═════ SUPPLIED RECORDS ═════

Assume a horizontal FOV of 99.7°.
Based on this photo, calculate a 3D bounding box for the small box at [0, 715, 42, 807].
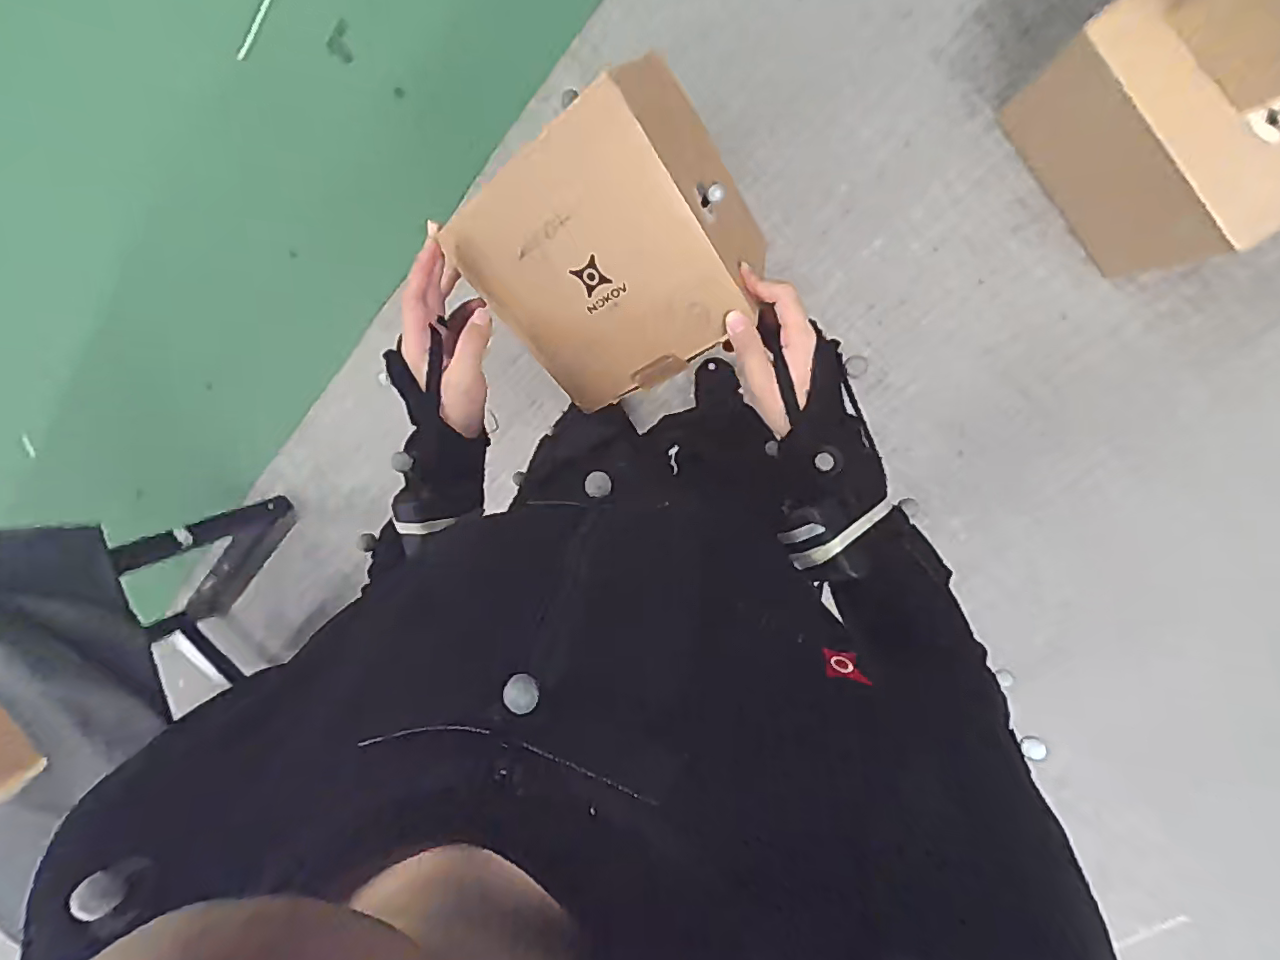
[{"bbox_3d":[-1.167,0.502,0.890,0.168,0.176,0.179,-37,93,18],"label":"small box"}]

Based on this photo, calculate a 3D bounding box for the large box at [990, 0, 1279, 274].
[{"bbox_3d":[0.891,-0.616,0.890,0.320,0.320,0.408,-38,94,18],"label":"large box"}]

═════

◆ YOUR GOAL ◆
Transcribe, please, the lines from the one holding "715, 42, 807]." to the final line of the material, both included, exactly and with no extra lines, and skip the pictures.

◆ TASK RESULT ◆
Based on this photo, calculate a 3D bounding box for the small box at [0, 715, 42, 807].
[{"bbox_3d":[-1.167,0.502,0.890,0.168,0.176,0.179,-37,93,18],"label":"small box"}]

Based on this photo, calculate a 3D bounding box for the large box at [990, 0, 1279, 274].
[{"bbox_3d":[0.891,-0.616,0.890,0.320,0.320,0.408,-38,94,18],"label":"large box"}]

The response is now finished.